Le premier ministre tchèque, Andrej Babis, le 13 décembre à Bruxelles. / ARIS OIKONOMOU / AFP

Il aura finalement préféré s’exécuter. Andrej Babis, le premier ministre tchèque qui dénonçait un « théâtre » de l’opposition « abusant » l’Europe pour lutter politiquement contre lui, a donné l’ordre à son gouvernement de suivre les conseils de l’Union européenne (UE). Jeudi 13 décembre, l’exécutif tchèque a annoncé la suspension des demandes de fonds liées au groupe Agrofert, le conglomérat agroalimentaire géant fondé par M. Babis. La veille, le Parlement européen avait adopté à une très large majorité (434 voix pour, 64 contre et 47 abstentions) une résolution demandant à la Commission européenne de remédier à la situation.

Le 30 novembre, Le Monde avait révélé qu’Andrej Babis se trouvait, malgré ses dénégations répétées, dans une situation de conflit d’intérêts au regard de la loi européenne, selon une note du service juridique de la Commission de Bruxelles datée du 19 novembre.
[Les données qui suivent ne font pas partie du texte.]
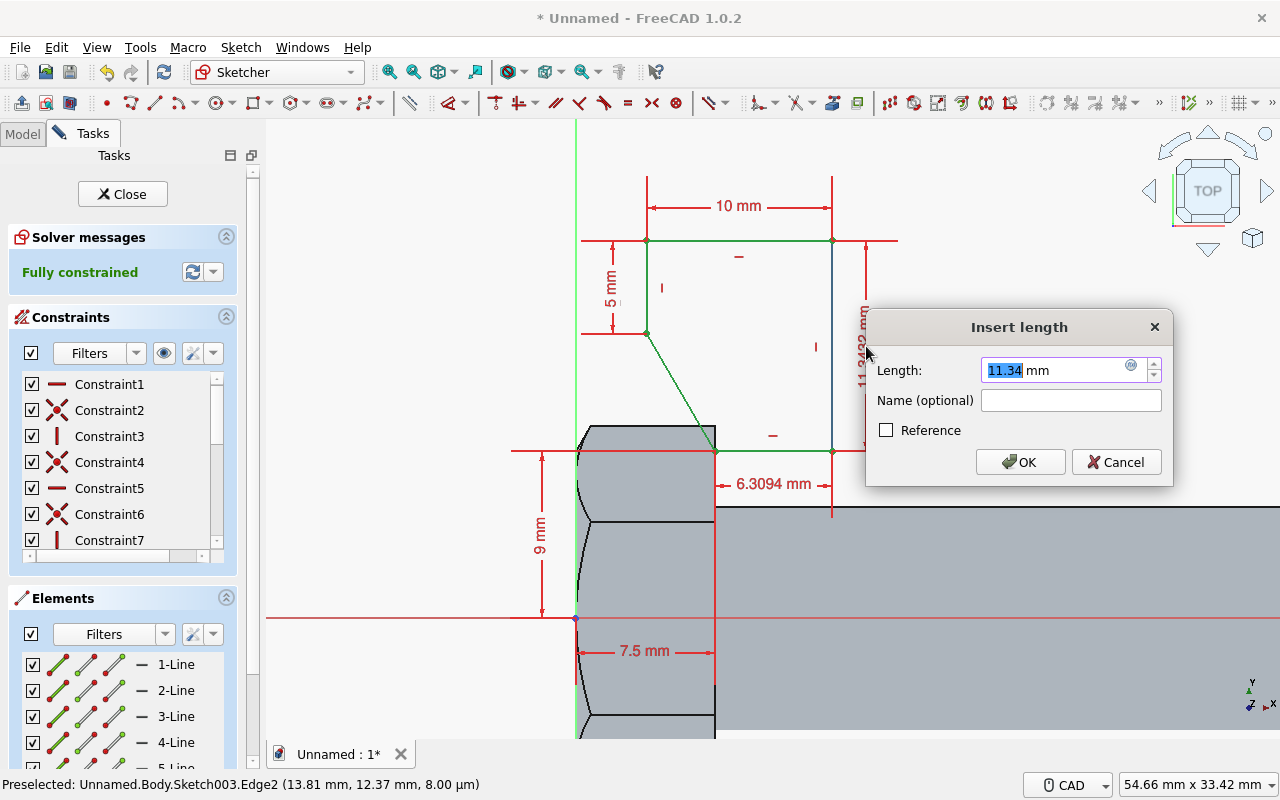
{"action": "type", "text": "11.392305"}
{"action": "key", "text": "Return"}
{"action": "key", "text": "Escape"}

Ce service estimait qu’il était urgent de mettre un terme au mélange des genres orchestré par ce milliardaire né en 1954, accusé de lier ses affaires personnelles à la politique de son pays, membre de l’Union européenne depuis 2004.
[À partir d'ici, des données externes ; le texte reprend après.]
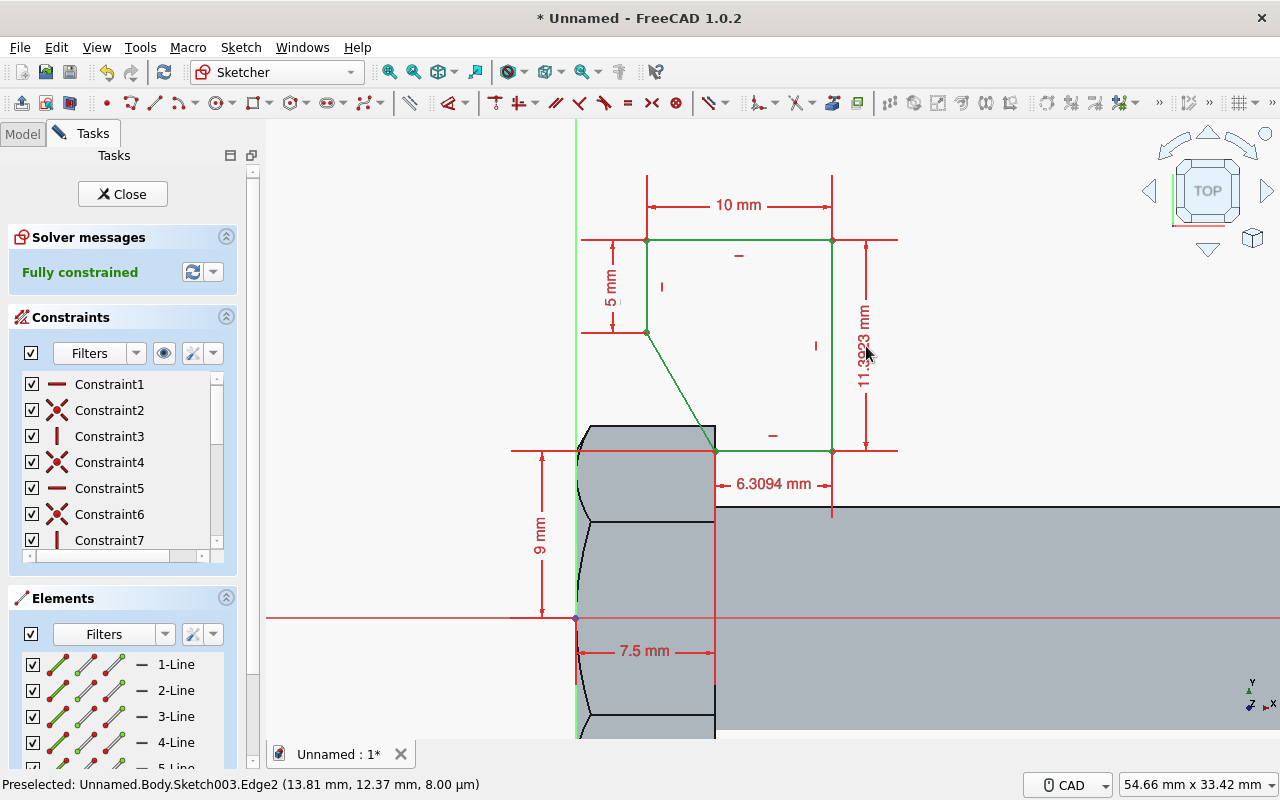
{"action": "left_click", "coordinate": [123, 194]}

Les juristes de la Commission estimaient que M. Babis, qui dirige le gouvernement tchèque depuis juin, « apparaissait comme le seul bénéficiaire » de deux trusts dans lesquels ont été placées ses parts des entreprises Agrofert et Group Agrofert. Le ministère des finances tchèque a affirmé avoir reçu, la semaine dernière, une lettre émanant du commissaire européen au budget. Ce dernier recommandait à Prague de retirer Agrofert de la liste des entreprises susceptibles d’être éligibles à des remboursements de fonds européens. La Commission a effectivement envoyé une lettre au ministre tchèque, mais il y a au moins deux semaines, assure une source européenne. Cette lettre a été aussi communiquée aux élus du Parlement européen.
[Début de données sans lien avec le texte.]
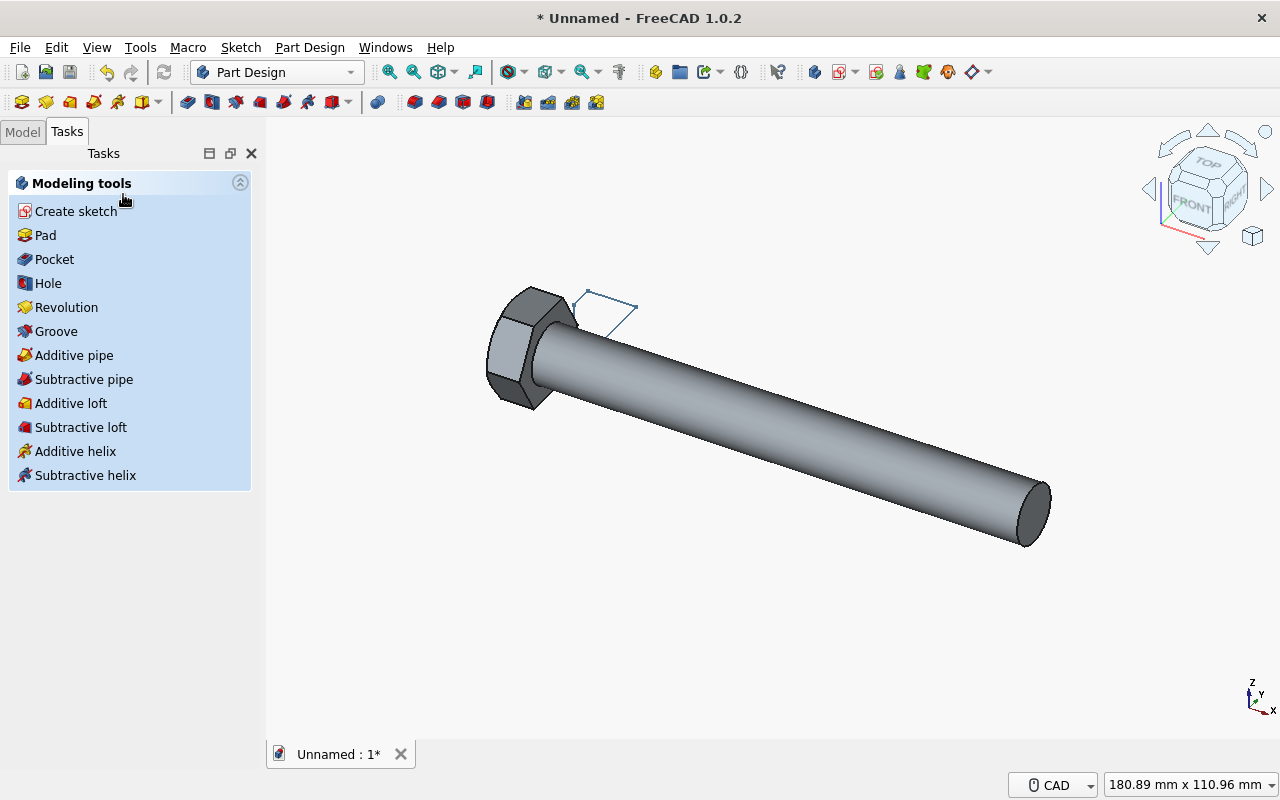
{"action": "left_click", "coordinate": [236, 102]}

« La Commission va geler les fonds qu’elle verse à son empire »

Lors d’un entretien accordé au site Internet Seznam TV, la ministre des finances tchèque a précisé avoir déjà soustrait une demande à hauteur de 116 000 euros, ce dont s’est réjoui le directeur de Transparency International en République tchèque, David Ondracka, qui avait envoyé une lettre de signalement à Bruxelles le 19 septembre.

« Le premier ministre nous avait traités de menteurs après nos révélations, a-t-il réagi, mais la Commission va bel et bien geler les fonds qu’elle verse à son empire, jusqu’à la fin de son enquête sur un potentiel conflit d’intérêts. » En effet, des auditeurs doivent arriver à Prague début janvier pour examiner la manière dont la République tchèque distribue les subventions européennes. La législation européenne impose la mise en place de contrôles pour les systèmes nationaux d’allocation des fonds européens, notamment dans le but d’éviter tous conflits d’intérêts. Se priver de tout argent européen pourrait mettre en danger Agrofert face à la concurrence.

D’origine slovaque, Andrej Babis est devenu la deuxième fortune de la République tchèque en moins de trente ans, grâce à des investissements fructueux dans de nombreux domaines. En République tchèque comme en Slovaquie, il est le leader incontesté du secteur alimentaire et agricole. Il n’est entré en politique qu’en 2011, créant de toutes pièces une formation populiste, Action des citoyens mécontents (ANO) d’inclination libérale et anti-système, vouée à lutter contre la corruption des élites politiques alors en place.

Dès sa première participation à un scrutin, ANO a obtenu 47 députés, M. Babis siégeant lui-même à partir d’octobre 2013, avant d’être nommé ministre des finances en janvier 2014 puis de devenir chef du gouvernement en juin 2018, après un premier mandat de seulement un mois en décembre 2017. M. Babis fait l’objet d’une mise en examen dans une affaire de détournement supposé de fonds européens.